Joy Martinez, Senior Director of Marketing Operations at CS2, joins our host, Camela Thompson, in this episode of the Revenue Marketing Report. Joy shares her passion for helping others identify their strengths, the tools she uses to do this and her insights into why it’s difficult for people to spot their own strengths and weaknesses.
Based in Michigan, Joy is a Senior Director of Marketing Operations at CS2, a marketing ops agency. She assumed the role 6 weeks before recording [she has been at CS2 for 7 months at the time of airing]. However, she boasts of a long and strong background working on marketing apps and demand gen, via in-house roles, consulting, and independent consulting. At the start of this chat, Joy spoke at length about how she found a deep passion for helping others identify their strengths.
Tell us about your consulting background. I know you have a passion for helping people identify their strengths and would love to hear more.
“It all started between 2008 and 2010. I was working for a company that had a toxic work environment. I was working there and thinking there had to be better employment and better cultures out there.
I would kind of escape on my lunch break to a local bookstore and eat my lunch while diving into books and stuff. I was very drawn to strength-based development. Books on company culture and employee engagement, etc. While I was working there I was also getting my Master’s degree in business simultaneously. So I was taking classes on culture and organizational behavior and development. It was a unique experience of seeing what I knew could be out there, but still experienced the opposite where I worked. That led me to the very start of my strengths journey.

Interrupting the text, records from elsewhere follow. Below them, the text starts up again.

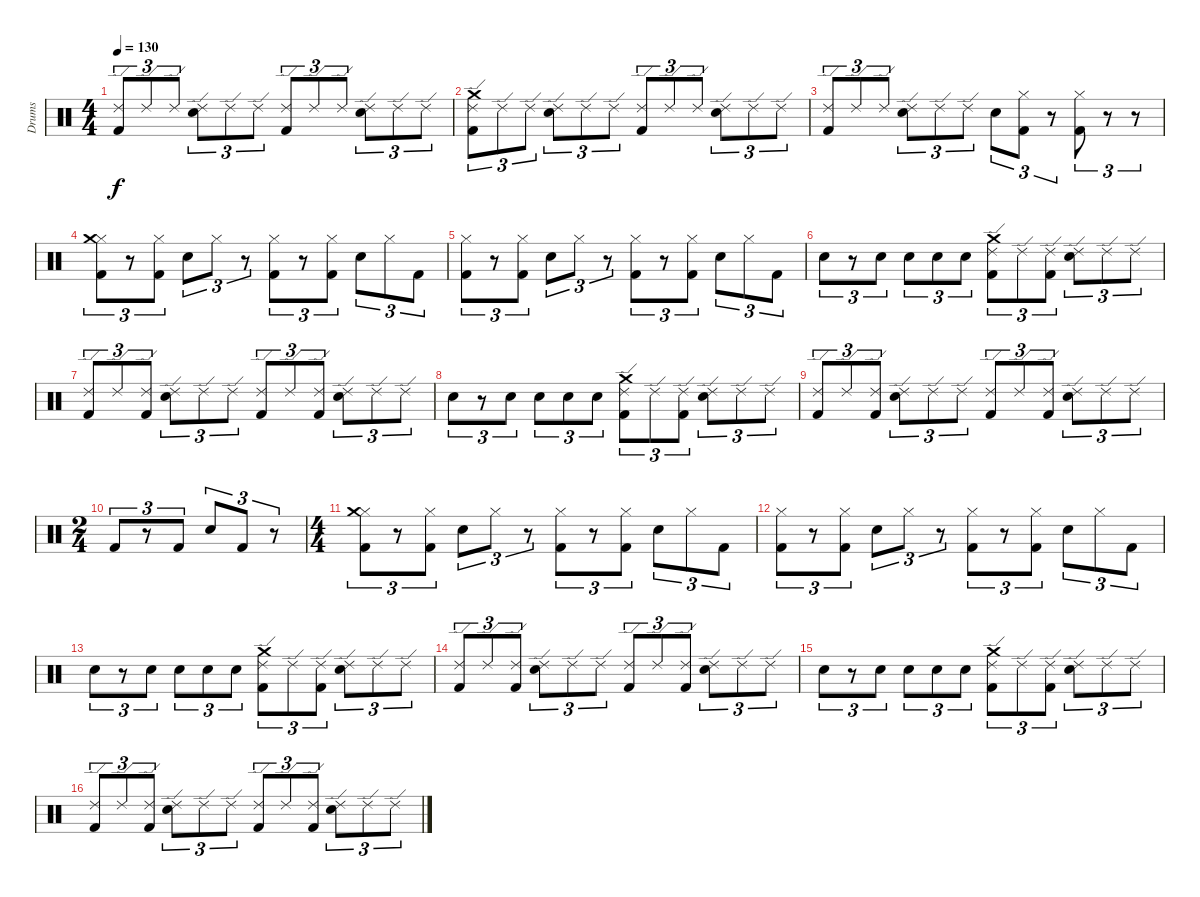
\track ("Drums" "Drums") {instrument percussion}
\staff {score}
\articulation defaults
\ts (4 4)
\tempo 130
\clef neutral
\ks c
("Ride (edge) 2" "Kick (hit) 2").8{tu (3 2) dy f} "Ride (edge) 2".8{tu (3 2)} "Ride (edge) 2".8{tu (3 2)} ("Ride (edge) 2" "Electric Snare (hit)").8{tu (3 2)} "Ride (edge) 2".8{tu (3 2)} "Ride (edge) 2".8{tu (3 2)} ("Ride (edge) 2" "Kick (hit) 2").8{tu (3 2)} "Ride (edge) 2".8{tu (3 2)} "Ride (edge) 2".8{tu (3 2)} ("Ride (edge) 2" "Electric Snare (hit)").8{tu (3 2)} "Ride (edge) 2".8{tu (3 2)} "Ride (edge) 2".8{tu (3 2)} |
("Ride (edge) 2" "Kick (hit) 2" "Crash medium (hit)").8{tu (3 2)} "Ride (edge) 2".8{tu (3 2)} "Ride (edge) 2".8{tu (3 2)} ("Ride (edge) 2" "Electric Snare (hit)").8{tu (3 2)} "Ride (edge) 2".8{tu (3 2)} "Ride (edge) 2".8{tu (3 2)} ("Ride (edge) 2" "Kick (hit) 2").8{tu (3 2)} "Ride (edge) 2".8{tu (3 2)} "Ride (edge) 2".8{tu (3 2)} ("Ride (edge) 2" "Electric Snare (hit)").8{tu (3 2)} "Ride (edge) 2".8{tu (3 2)} "Ride (edge) 2".8{tu (3 2)} |
("Ride (edge) 2" "Kick (hit) 2").8{tu (3 2)} "Ride (edge) 2".8{tu (3 2)} "Ride (edge) 2".8{tu (3 2)} ("Ride (edge) 2" "Electric Snare (hit)").8{tu (3 2)} "Ride (edge) 2".8{tu (3 2)} "Ride (edge) 2".8{tu (3 2)} "Electric Snare (hit)".8{tu (3 2)} ("Hi-Hat (closed)" "Kick (hit) 2").8{tu (3 2)} r.8{tu (3 2)} ("Hi-Hat (closed)" "Kick (hit) 2").8{tu (3 2)} r.8{tu (3 2)} r.8{tu (3 2)} |
("Kick (hit) 2" "Hi-Hat (closed)" "Crash medium (hit)").8{tu (3 2)} r.8{tu (3 2)} ("Kick (hit) 2" "Hi-Hat (closed)").8{tu (3 2)} "Electric Snare (hit)".8{tu (3 2)} "Hi-Hat (closed)".8{tu (3 2)} r.8{tu (3 2)} ("Kick (hit) 2" "Hi-Hat (closed)").8{tu (3 2)} r.8{tu (3 2)} ("Kick (hit) 2" "Hi-Hat (closed)").8{tu (3 2)} "Electric Snare (hit)".8{tu (3 2)} "Hi-Hat (closed)".8{tu (3 2)} "Kick (hit) 2".8{tu (3 2)} |
("Kick (hit) 2" "Hi-Hat (closed)").8{tu (3 2)} r.8{tu (3 2)} ("Kick (hit) 2" "Hi-Hat (closed)").8{tu (3 2)} "Electric Snare (hit)".8{tu (3 2)} "Hi-Hat (closed)".8{tu (3 2)} r.8{tu (3 2)} ("Kick (hit) 2" "Hi-Hat (closed)").8{tu (3 2)} r.8{tu (3 2)} ("Kick (hit) 2" "Hi-Hat (closed)").8{tu (3 2)} "Electric Snare (hit)".8{tu (3 2)} "Hi-Hat (closed)".8{tu (3 2)} "Kick (hit) 2".8{tu (3 2)} |
"Electric Snare (hit)".8{tu (3 2)} r.8{tu (3 2)} "Electric Snare (hit)".8{tu (3 2)} "Electric Snare (hit)".8{tu (3 2)} "Electric Snare (hit)".8{tu (3 2)} "Electric Snare (hit)".8{tu (3 2)} ("Kick (hit) 2" "Ride (edge) 2" "Crash medium (hit)").8{tu (3 2)} "Ride (edge) 2".8{tu (3 2)} ("Kick (hit) 2" "Ride (edge) 2").8{tu (3 2)} ("Ride (edge) 2" "Electric Snare (hit)").8{tu (3 2)} "Ride (edge) 2".8{tu (3 2)} "Ride (edge) 2".8{tu (3 2)} |
("Kick (hit) 2" "Ride (edge) 2").8{tu (3 2)} "Ride (edge) 2".8{tu (3 2)} ("Kick (hit) 2" "Ride (edge) 2").8{tu (3 2)} ("Electric Snare (hit)" "Ride (edge) 2").8{tu (3 2)} "Ride (edge) 2".8{tu (3 2)} "Ride (edge) 2".8{tu (3 2)} ("Kick (hit) 2" "Ride (edge) 2").8{tu (3 2)} "Ride (edge) 2".8{tu (3 2)} ("Kick (hit) 2" "Ride (edge) 2").8{tu (3 2)} ("Electric Snare (hit)" "Ride (edge) 2").8{tu (3 2)} "Ride (edge) 2".8{tu (3 2)} "Ride (edge) 2".8{tu (3 2)} |
"Electric Snare (hit)".8{tu (3 2)} r.8{tu (3 2)} "Electric Snare (hit)".8{tu (3 2)} "Electric Snare (hit)".8{tu (3 2)} "Electric Snare (hit)".8{tu (3 2)} "Electric Snare (hit)".8{tu (3 2)} ("Kick (hit) 2" "Ride (edge) 2" "Crash medium (hit)").8{tu (3 2)} "Ride (edge) 2".8{tu (3 2)} ("Kick (hit) 2" "Ride (edge) 2").8{tu (3 2)} ("Ride (edge) 2" "Electric Snare (hit)").8{tu (3 2)} "Ride (edge) 2".8{tu (3 2)} "Ride (edge) 2".8{tu (3 2)} |
("Kick (hit) 2" "Ride (edge) 2").8{tu (3 2)} "Ride (edge) 2".8{tu (3 2)} ("Kick (hit) 2" "Ride (edge) 2").8{tu (3 2)} ("Electric Snare (hit)" "Ride (edge) 2").8{tu (3 2)} "Ride (edge) 2".8{tu (3 2)} "Ride (edge) 2".8{tu (3 2)} ("Kick (hit) 2" "Ride (edge) 2").8{tu (3 2)} "Ride (edge) 2".8{tu (3 2)} ("Kick (hit) 2" "Ride (edge) 2").8{tu (3 2)} ("Electric Snare (hit)" "Ride (edge) 2").8{tu (3 2)} "Ride (edge) 2".8{tu (3 2)} "Ride (edge) 2".8{tu (3 2)} |
\ts (2 4)
"Kick (hit) 2".8{tu (3 2)} r.8{tu (3 2)} "Kick (hit) 2".8{tu (3 2)} "Electric Snare (hit)".8{tu (3 2)} "Kick (hit) 2".8{tu (3 2)} r.8{tu (3 2)} |
\ts (4 4)
("Kick (hit) 2" "Hi-Hat (closed)" "Crash medium (hit)").8{tu (3 2)} r.8{tu (3 2)} ("Kick (hit) 2" "Hi-Hat (closed)").8{tu (3 2)} "Electric Snare (hit)".8{tu (3 2)} "Hi-Hat (closed)".8{tu (3 2)} r.8{tu (3 2)} ("Kick (hit) 2" "Hi-Hat (closed)").8{tu (3 2)} r.8{tu (3 2)} ("Kick (hit) 2" "Hi-Hat (closed)").8{tu (3 2)} "Electric Snare (hit)".8{tu (3 2)} "Hi-Hat (closed)".8{tu (3 2)} "Kick (hit) 2".8{tu (3 2)} |
("Kick (hit) 2" "Hi-Hat (closed)").8{tu (3 2)} r.8{tu (3 2)} ("Kick (hit) 2" "Hi-Hat (closed)").8{tu (3 2)} "Electric Snare (hit)".8{tu (3 2)} "Hi-Hat (closed)".8{tu (3 2)} r.8{tu (3 2)} ("Kick (hit) 2" "Hi-Hat (closed)").8{tu (3 2)} r.8{tu (3 2)} ("Kick (hit) 2" "Hi-Hat (closed)").8{tu (3 2)} "Electric Snare (hit)".8{tu (3 2)} "Hi-Hat (closed)".8{tu (3 2)} "Kick (hit) 2".8{tu (3 2)} |
"Electric Snare (hit)".8{tu (3 2)} r.8{tu (3 2)} "Electric Snare (hit)".8{tu (3 2)} "Electric Snare (hit)".8{tu (3 2)} "Electric Snare (hit)".8{tu (3 2)} "Electric Snare (hit)".8{tu (3 2)} ("Kick (hit) 2" "Ride (edge) 2" "Crash medium (hit)").8{tu (3 2)} "Ride (edge) 2".8{tu (3 2)} ("Kick (hit) 2" "Ride (edge) 2").8{tu (3 2)} ("Ride (edge) 2" "Electric Snare (hit)").8{tu (3 2)} "Ride (edge) 2".8{tu (3 2)} "Ride (edge) 2".8{tu (3 2)} |
("Kick (hit) 2" "Ride (edge) 2").8{tu (3 2)} "Ride (edge) 2".8{tu (3 2)} ("Kick (hit) 2" "Ride (edge) 2").8{tu (3 2)} ("Electric Snare (hit)" "Ride (edge) 2").8{tu (3 2)} "Ride (edge) 2".8{tu (3 2)} "Ride (edge) 2".8{tu (3 2)} ("Kick (hit) 2" "Ride (edge) 2").8{tu (3 2)} "Ride (edge) 2".8{tu (3 2)} ("Kick (hit) 2" "Ride (edge) 2").8{tu (3 2)} ("Electric Snare (hit)" "Ride (edge) 2").8{tu (3 2)} "Ride (edge) 2".8{tu (3 2)} "Ride (edge) 2".8{tu (3 2)} |
"Electric Snare (hit)".8{tu (3 2)} r.8{tu (3 2)} "Electric Snare (hit)".8{tu (3 2)} "Electric Snare (hit)".8{tu (3 2)} "Electric Snare (hit)".8{tu (3 2)} "Electric Snare (hit)".8{tu (3 2)} ("Kick (hit) 2" "Ride (edge) 2" "Crash medium (hit)").8{tu (3 2)} "Ride (edge) 2".8{tu (3 2)} ("Kick (hit) 2" "Ride (edge) 2").8{tu (3 2)} ("Ride (edge) 2" "Electric Snare (hit)").8{tu (3 2)} "Ride (edge) 2".8{tu (3 2)} "Ride (edge) 2".8{tu (3 2)} |
("Kick (hit) 2" "Ride (edge) 2").8{tu (3 2)} "Ride (edge) 2".8{tu (3 2)} ("Kick (hit) 2" "Ride (edge) 2").8{tu (3 2)} ("Electric Snare (hit)" "Ride (edge) 2").8{tu (3 2)} "Ride (edge) 2".8{tu (3 2)} "Ride (edge) 2".8{tu (3 2)} ("Kick (hit) 2" "Ride (edge) 2").8{tu (3 2)} "Ride (edge) 2".8{tu (3 2)} ("Kick (hit) 2" "Ride (edge) 2").8{tu (3 2)} ("Electric Snare (hit)" "Ride (edge) 2").8{tu (3 2)} "Ride (edge) 2".8{tu (3 2)} "Ride (edge) 2".8{tu (3 2)}

“Eventually, I decided I was done commuting over an hour to work and wanted to embrace working remotely. I started my remote working journey 9 years ago. When I got that role, I was interested in consulting and fell in love with Marketo and marketing ops. It was during this period that I decided to go independent and just consult on my own. When I started that I felt ‘Wow!’ I can work like half the amount of hours that I was working full time.’ Yet, I still had like half the amount (20 hours/week) to still do something else.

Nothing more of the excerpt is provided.